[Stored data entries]
BEGIN

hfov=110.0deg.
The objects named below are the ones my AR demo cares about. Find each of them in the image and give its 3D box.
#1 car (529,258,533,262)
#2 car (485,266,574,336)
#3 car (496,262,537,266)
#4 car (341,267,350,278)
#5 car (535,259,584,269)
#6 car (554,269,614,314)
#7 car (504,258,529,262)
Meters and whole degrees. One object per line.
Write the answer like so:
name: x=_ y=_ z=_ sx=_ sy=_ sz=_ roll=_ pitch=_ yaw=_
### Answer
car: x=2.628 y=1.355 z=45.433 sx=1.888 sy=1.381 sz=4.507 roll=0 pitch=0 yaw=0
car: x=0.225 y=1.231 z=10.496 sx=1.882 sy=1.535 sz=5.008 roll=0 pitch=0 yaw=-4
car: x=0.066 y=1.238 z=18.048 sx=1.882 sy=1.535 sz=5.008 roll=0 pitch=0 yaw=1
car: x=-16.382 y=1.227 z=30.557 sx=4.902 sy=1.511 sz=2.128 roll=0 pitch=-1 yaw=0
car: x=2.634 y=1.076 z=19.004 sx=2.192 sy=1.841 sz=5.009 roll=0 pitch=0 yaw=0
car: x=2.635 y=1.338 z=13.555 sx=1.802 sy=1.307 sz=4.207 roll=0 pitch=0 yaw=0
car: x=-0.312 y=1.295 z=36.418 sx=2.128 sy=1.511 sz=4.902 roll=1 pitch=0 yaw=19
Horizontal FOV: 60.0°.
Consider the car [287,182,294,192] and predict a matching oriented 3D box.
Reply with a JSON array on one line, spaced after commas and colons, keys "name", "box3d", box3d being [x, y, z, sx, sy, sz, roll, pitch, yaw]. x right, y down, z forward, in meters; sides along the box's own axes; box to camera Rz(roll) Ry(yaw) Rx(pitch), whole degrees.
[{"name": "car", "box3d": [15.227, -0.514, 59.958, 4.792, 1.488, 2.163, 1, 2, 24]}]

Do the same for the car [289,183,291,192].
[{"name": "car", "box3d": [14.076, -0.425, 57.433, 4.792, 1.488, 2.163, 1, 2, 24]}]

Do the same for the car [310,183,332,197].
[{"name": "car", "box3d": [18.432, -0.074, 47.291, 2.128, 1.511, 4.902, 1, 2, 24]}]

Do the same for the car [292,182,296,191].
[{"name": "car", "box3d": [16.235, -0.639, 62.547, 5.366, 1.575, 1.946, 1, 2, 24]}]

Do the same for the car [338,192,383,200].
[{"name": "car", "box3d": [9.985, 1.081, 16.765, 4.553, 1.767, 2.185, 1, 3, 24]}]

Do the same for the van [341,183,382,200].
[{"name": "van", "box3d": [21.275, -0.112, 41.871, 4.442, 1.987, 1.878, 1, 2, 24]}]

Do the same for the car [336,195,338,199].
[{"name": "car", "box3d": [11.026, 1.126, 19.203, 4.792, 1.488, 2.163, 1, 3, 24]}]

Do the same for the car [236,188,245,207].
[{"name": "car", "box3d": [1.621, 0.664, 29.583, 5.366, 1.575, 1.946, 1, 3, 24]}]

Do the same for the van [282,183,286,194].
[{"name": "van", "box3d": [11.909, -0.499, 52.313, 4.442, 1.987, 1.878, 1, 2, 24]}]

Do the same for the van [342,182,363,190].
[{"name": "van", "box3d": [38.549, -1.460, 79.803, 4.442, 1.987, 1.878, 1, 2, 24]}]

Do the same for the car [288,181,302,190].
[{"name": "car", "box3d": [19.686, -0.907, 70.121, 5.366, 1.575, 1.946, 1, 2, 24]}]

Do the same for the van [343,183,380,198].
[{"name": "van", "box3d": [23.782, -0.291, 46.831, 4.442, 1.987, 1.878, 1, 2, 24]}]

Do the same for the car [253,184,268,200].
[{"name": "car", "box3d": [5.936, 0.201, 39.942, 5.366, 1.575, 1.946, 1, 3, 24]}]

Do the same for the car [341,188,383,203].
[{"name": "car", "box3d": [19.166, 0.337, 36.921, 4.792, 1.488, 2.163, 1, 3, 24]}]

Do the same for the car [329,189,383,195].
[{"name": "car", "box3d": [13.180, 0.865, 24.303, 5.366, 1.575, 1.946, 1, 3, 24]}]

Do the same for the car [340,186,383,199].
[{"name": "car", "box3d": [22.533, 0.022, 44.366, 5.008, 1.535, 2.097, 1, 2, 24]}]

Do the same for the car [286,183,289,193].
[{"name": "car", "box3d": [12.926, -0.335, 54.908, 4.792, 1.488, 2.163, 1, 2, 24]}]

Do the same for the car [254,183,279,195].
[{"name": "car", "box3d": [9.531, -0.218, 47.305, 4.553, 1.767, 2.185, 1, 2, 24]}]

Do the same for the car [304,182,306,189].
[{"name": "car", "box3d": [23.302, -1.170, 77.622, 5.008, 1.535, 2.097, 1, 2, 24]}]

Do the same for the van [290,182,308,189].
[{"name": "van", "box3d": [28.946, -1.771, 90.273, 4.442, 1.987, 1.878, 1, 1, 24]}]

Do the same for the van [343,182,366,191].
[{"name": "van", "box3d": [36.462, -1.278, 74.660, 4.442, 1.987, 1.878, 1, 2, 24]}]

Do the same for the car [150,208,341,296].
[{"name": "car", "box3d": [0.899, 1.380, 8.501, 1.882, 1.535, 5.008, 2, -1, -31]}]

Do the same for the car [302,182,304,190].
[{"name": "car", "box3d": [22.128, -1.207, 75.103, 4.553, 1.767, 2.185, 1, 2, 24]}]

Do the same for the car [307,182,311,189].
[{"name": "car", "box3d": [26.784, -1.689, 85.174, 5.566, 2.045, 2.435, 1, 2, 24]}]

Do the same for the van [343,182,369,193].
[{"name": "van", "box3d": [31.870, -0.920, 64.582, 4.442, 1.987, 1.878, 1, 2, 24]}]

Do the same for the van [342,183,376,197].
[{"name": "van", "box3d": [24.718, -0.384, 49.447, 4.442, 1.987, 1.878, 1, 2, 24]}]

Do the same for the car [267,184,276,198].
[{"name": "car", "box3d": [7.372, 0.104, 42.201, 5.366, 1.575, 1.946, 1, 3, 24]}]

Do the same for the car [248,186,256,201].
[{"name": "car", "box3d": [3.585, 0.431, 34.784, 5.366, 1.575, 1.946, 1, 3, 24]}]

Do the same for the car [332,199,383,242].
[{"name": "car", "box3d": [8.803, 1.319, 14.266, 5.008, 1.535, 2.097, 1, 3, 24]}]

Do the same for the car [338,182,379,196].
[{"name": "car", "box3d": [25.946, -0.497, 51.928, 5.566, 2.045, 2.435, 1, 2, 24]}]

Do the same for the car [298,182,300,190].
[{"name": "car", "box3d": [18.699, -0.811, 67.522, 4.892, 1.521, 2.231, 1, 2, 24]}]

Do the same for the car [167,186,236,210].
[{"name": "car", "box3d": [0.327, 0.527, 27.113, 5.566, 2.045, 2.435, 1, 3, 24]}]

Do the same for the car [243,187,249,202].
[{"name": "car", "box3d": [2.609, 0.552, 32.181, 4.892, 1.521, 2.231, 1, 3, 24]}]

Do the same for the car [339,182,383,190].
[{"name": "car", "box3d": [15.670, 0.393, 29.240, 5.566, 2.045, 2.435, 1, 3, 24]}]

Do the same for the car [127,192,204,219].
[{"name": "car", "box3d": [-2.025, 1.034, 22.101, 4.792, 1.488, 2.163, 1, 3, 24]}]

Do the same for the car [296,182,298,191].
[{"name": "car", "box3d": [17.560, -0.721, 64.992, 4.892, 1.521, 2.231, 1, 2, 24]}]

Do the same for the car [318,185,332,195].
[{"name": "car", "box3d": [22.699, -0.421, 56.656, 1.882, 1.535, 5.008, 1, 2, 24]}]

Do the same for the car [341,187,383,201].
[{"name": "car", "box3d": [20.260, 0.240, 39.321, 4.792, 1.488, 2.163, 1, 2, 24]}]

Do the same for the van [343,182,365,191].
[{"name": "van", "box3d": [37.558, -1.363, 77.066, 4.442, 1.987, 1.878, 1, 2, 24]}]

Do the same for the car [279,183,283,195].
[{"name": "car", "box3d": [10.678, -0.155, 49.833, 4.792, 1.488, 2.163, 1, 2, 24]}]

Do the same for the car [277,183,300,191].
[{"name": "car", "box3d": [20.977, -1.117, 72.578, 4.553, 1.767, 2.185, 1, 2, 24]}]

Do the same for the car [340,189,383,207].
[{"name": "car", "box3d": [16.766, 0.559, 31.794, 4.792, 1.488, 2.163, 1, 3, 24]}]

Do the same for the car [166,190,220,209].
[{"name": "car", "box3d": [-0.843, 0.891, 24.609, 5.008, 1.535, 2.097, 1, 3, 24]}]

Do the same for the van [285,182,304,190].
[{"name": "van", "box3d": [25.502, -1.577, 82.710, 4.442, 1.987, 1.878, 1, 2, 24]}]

END

=== Exercise ===
Copy out the lines above, from the one holding "Do the same for the car [318,185,332,195]." through the final line, with no other lines.

=== Written solution ===
Do the same for the car [318,185,332,195].
[{"name": "car", "box3d": [22.699, -0.421, 56.656, 1.882, 1.535, 5.008, 1, 2, 24]}]

Do the same for the car [341,187,383,201].
[{"name": "car", "box3d": [20.260, 0.240, 39.321, 4.792, 1.488, 2.163, 1, 2, 24]}]

Do the same for the van [343,182,365,191].
[{"name": "van", "box3d": [37.558, -1.363, 77.066, 4.442, 1.987, 1.878, 1, 2, 24]}]

Do the same for the car [279,183,283,195].
[{"name": "car", "box3d": [10.678, -0.155, 49.833, 4.792, 1.488, 2.163, 1, 2, 24]}]

Do the same for the car [277,183,300,191].
[{"name": "car", "box3d": [20.977, -1.117, 72.578, 4.553, 1.767, 2.185, 1, 2, 24]}]

Do the same for the car [340,189,383,207].
[{"name": "car", "box3d": [16.766, 0.559, 31.794, 4.792, 1.488, 2.163, 1, 3, 24]}]

Do the same for the car [166,190,220,209].
[{"name": "car", "box3d": [-0.843, 0.891, 24.609, 5.008, 1.535, 2.097, 1, 3, 24]}]

Do the same for the van [285,182,304,190].
[{"name": "van", "box3d": [25.502, -1.577, 82.710, 4.442, 1.987, 1.878, 1, 2, 24]}]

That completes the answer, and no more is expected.